++++ GIVEN ENTRIES ++++
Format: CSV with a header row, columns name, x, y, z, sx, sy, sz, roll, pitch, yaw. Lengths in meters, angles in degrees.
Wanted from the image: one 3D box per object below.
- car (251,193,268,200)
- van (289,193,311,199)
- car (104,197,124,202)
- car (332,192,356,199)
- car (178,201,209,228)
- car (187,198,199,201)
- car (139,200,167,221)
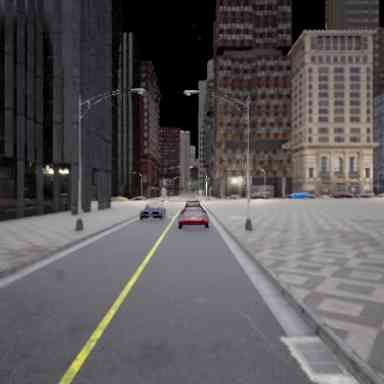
name,x,y,z,sx,sy,sz,roll,pitch,yaw
car,17.229,1.182,86.771,5.009,1.841,2.192,-1,1,0
van,28.148,1.062,86.767,3.998,1.788,1.690,-1,1,0
car,-20.776,1.975,86.689,4.403,1.369,2.008,-1,1,0
car,39.068,0.897,86.764,5.009,1.841,2.192,-1,1,0
car,0.105,1.571,22.360,1.994,1.385,4.181,0,0,0
car,0.107,1.523,43.661,2.128,1.511,4.902,0,0,0
car,-3.093,1.611,27.071,1.895,1.301,4.718,0,0,0
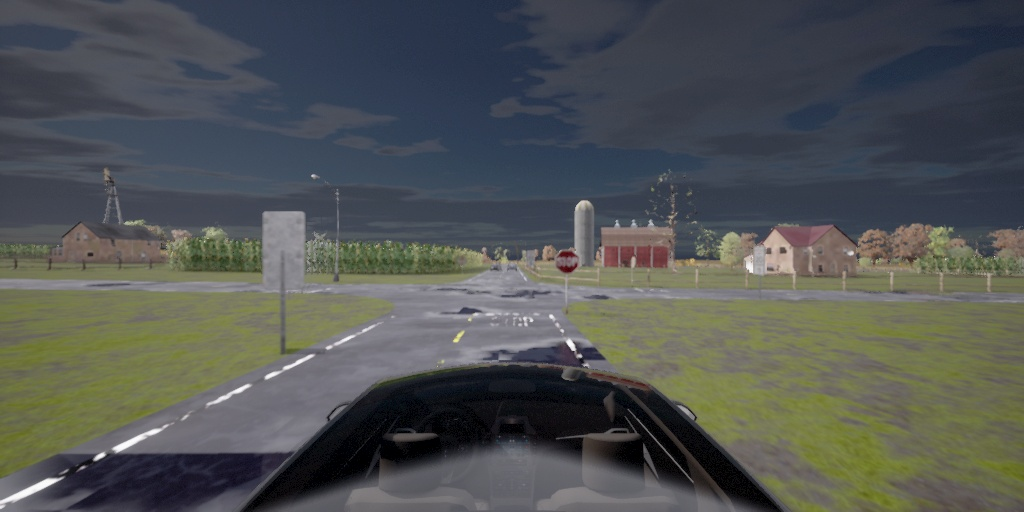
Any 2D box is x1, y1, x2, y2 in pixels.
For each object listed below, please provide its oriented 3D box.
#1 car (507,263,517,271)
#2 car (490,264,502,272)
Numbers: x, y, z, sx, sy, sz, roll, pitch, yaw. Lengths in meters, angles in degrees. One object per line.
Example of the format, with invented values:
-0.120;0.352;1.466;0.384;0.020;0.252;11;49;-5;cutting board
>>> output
0.025;2.017;64.846;2.033;1.411;5.357;0;-1;0;car
-2.790;2.008;62.797;1.994;1.385;4.181;0;-1;1;car
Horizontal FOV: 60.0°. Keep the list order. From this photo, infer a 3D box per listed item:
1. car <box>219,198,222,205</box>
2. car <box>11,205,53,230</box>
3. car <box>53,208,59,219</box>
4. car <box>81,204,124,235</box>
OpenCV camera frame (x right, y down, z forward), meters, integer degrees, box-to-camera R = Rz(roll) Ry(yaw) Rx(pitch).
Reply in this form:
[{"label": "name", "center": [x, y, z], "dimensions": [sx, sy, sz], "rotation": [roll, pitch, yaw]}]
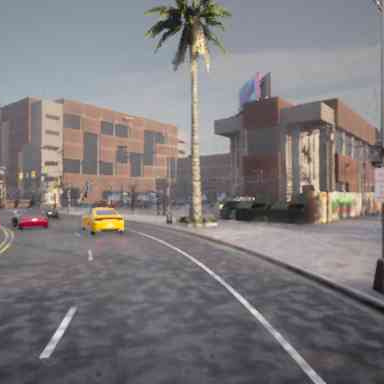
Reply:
[{"label": "car", "center": [5.354, 2.093, 55.651], "dimensions": [4.674, 1.452, 2.002], "rotation": [-1, -1, 39]}, {"label": "car", "center": [-11.851, 1.886, 24.228], "dimensions": [1.994, 1.385, 4.181], "rotation": [0, -1, -35]}, {"label": "car", "center": [-14.916, 1.999, 32.959], "dimensions": [4.181, 1.385, 1.994], "rotation": [-1, -1, 44]}, {"label": "car", "center": [-5.769, 1.749, 21.106], "dimensions": [1.882, 1.535, 5.008], "rotation": [0, -1, -27]}]
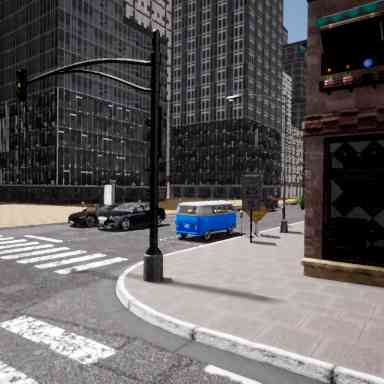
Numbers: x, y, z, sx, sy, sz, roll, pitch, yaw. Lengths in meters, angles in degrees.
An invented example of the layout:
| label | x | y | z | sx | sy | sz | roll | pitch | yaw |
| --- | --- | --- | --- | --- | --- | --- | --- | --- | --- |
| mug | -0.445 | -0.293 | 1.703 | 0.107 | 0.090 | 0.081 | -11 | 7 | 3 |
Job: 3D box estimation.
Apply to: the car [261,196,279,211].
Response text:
| label | x | y | z | sx | sy | sz | roll | pitch | yaw |
| --- | --- | --- | --- | --- | --- | --- | --- | --- | --- |
| car | 7.755 | 1.429 | 36.731 | 1.812 | 1.442 | 4.674 | 1 | 1 | 36 |

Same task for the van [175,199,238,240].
| label | x | y | z | sx | sy | sz | roll | pitch | yaw |
| --- | --- | --- | --- | --- | --- | --- | --- | --- | --- |
| van | 0.836 | 1.368 | 17.018 | 1.690 | 1.788 | 3.998 | 1 | 1 | 35 |

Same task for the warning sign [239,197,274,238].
| label | x | y | z | sx | sy | sz | roll | pitch | yaw |
| --- | --- | --- | --- | --- | --- | --- | --- | --- | --- |
| warning sign | 3.117 | 1.177 | 16.124 | 1.300 | 1.860 | 1.060 | 1 | 1 | 35 |

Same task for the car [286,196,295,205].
| label | x | y | z | sx | sy | sz | roll | pitch | yaw |
| --- | --- | --- | --- | --- | --- | --- | --- | --- | --- |
| car | 16.354 | 1.363 | 53.298 | 1.752 | 1.417 | 4.829 | 1 | 1 | 35 |

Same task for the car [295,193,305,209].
| label | x | y | z | sx | sy | sz | roll | pitch | yaw |
| --- | --- | --- | --- | --- | --- | --- | --- | --- | --- |
| car | 15.419 | 1.159 | 42.093 | 2.150 | 2.045 | 5.566 | 1 | 1 | 36 |

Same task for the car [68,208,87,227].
| label | x | y | z | sx | sy | sz | roll | pitch | yaw |
| --- | --- | --- | --- | --- | --- | --- | --- | --- | --- |
| car | -5.996 | 1.467 | 21.879 | 1.947 | 1.339 | 4.313 | 1 | 1 | 35 |

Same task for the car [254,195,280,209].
| label | x | y | z | sx | sy | sz | roll | pitch | yaw |
| --- | --- | --- | --- | --- | --- | --- | --- | --- | --- |
| car | 10.039 | 1.293 | 44.419 | 1.967 | 1.590 | 4.097 | 1 | 1 | 35 |

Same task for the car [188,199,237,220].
| label | x | y | z | sx | sy | sz | roll | pitch | yaw |
| --- | --- | --- | --- | --- | --- | --- | --- | --- | --- |
| car | 1.861 | 1.426 | 28.451 | 1.837 | 1.490 | 4.892 | 1 | 1 | 36 |

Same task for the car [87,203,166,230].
| label | x | y | z | sx | sy | sz | roll | pitch | yaw |
| --- | --- | --- | --- | --- | --- | --- | --- | --- | --- |
| car | -3.659 | 1.431 | 20.695 | 2.128 | 1.511 | 4.902 | 1 | 1 | 35 |
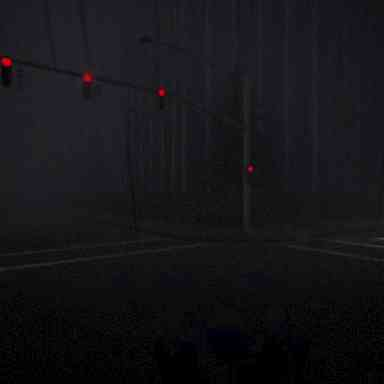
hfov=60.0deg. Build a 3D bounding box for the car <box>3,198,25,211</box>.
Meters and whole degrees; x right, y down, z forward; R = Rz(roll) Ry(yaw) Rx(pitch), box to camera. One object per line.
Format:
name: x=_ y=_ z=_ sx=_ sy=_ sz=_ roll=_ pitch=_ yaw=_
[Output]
car: x=-21.850 y=1.475 z=40.866 sx=1.837 sy=1.490 sz=4.892 roll=0 pitch=0 yaw=-37
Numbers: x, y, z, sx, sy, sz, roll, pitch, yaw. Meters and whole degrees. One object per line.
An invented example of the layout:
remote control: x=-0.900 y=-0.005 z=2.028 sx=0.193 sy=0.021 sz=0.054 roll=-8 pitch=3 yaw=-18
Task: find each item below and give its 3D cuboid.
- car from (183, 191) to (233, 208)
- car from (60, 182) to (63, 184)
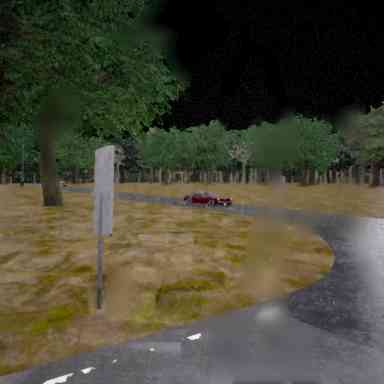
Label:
car: x=1.335 y=0.588 z=28.703 sx=1.895 sy=1.301 sz=4.718 roll=2 pitch=1 yaw=-38
car: x=-24.528 y=-1.606 z=62.396 sx=1.994 sy=1.385 sz=4.181 roll=2 pitch=2 yaw=-35
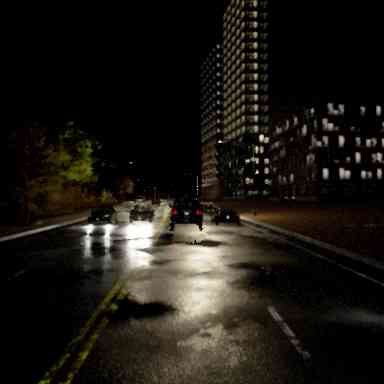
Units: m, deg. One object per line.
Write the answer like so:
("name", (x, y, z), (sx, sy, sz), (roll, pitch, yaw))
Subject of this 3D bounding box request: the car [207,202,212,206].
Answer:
("car", (1.752, 1.918, 40.756), (2.128, 1.511, 4.902), (0, -1, -3))

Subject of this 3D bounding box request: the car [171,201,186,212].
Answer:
("car", (-2.006, 2.069, 48.477), (2.033, 1.411, 5.357), (0, -1, -5))

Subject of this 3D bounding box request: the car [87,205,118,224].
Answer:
("car", (-7.395, 1.830, 27.963), (1.812, 1.442, 4.674), (0, 0, -3))

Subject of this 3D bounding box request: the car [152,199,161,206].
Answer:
("car", (-7.333, 2.139, 68.210), (1.882, 1.535, 5.008), (0, -1, -6))

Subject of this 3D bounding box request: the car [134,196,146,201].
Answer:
("car", (-10.558, 1.887, 67.802), (2.150, 2.045, 5.566), (0, -1, -6))

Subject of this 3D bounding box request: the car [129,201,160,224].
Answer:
("car", (-4.145, 1.789, 28.105), (2.128, 1.511, 4.902), (0, 0, -2))

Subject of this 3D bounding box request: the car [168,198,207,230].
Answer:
("car", (-0.451, 1.460, 23.279), (2.150, 2.045, 5.566), (0, -1, -3))

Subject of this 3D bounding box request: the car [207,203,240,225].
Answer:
("car", (2.585, 1.831, 26.417), (1.994, 1.385, 4.181), (0, -1, -2))
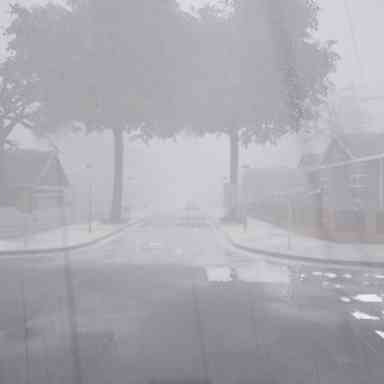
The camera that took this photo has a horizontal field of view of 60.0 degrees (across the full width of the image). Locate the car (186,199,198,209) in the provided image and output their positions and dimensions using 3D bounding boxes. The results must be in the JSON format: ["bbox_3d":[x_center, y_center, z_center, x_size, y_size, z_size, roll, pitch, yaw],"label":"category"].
[{"bbox_3d":[0.007,2.186,61.656,2.097,1.767,4.553,0,-1,0],"label":"car"}]

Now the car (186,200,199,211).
[{"bbox_3d":[0.006,2.250,51.635,1.994,1.385,4.181,0,-1,0],"label":"car"}]
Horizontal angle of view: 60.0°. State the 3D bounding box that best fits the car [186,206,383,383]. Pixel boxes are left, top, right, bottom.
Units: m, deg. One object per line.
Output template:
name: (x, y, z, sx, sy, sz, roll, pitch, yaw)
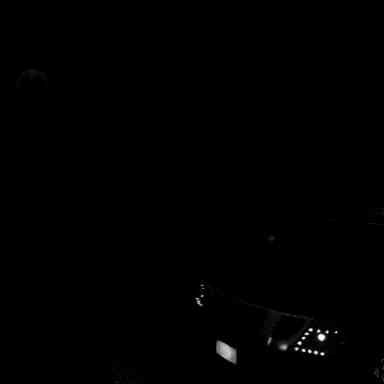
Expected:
car: (2.591, 1.269, 4.921, 5.566, 2.045, 2.150, 1, 0, -36)
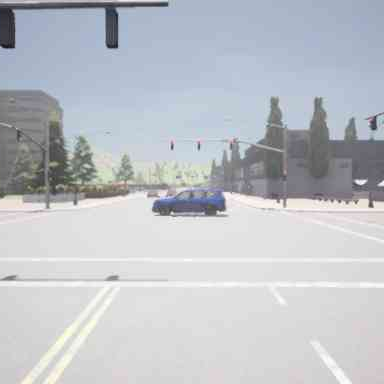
++++
Your task is to transcribe, exactly and without additions, every line from the one that contains "the car [168,198,207,230]." to the end of the entries above, both included. Omit all pictures.

Subject of this 3D bounding box request: the car [168,198,207,230].
Answer:
("car", (-0.451, 1.460, 23.279), (2.150, 2.045, 5.566), (0, -1, -3))

Subject of this 3D bounding box request: the car [207,203,240,225].
Answer:
("car", (2.585, 1.831, 26.417), (1.994, 1.385, 4.181), (0, -1, -2))
The camera that took this photo has a horizontal field of view of 60.0 degrees (across the full width of the image). Locate the car (186,199,198,209) in the provided image and output their positions and dimensions using 3D bounding boxes. The results must be in the JSON format: ["bbox_3d":[x_center, y_center, z_center, x_size, y_size, z_size, roll, pitch, yaw],"label":"category"].
[{"bbox_3d":[0.007,2.186,61.656,2.097,1.767,4.553,0,-1,0],"label":"car"}]

Now the car (186,200,199,211).
[{"bbox_3d":[0.006,2.250,51.635,1.994,1.385,4.181,0,-1,0],"label":"car"}]
Horizontal angle of view: 60.0°. State the 3D bounding box that best fits the car [186,206,383,383]. Pixel boxes are left, top, right, bottom.
Units: m, deg. One object per line.
Output template:
name: (x, y, z, sx, sy, sz, roll, pitch, yaw)
Expected:
car: (2.591, 1.269, 4.921, 5.566, 2.045, 2.150, 1, 0, -36)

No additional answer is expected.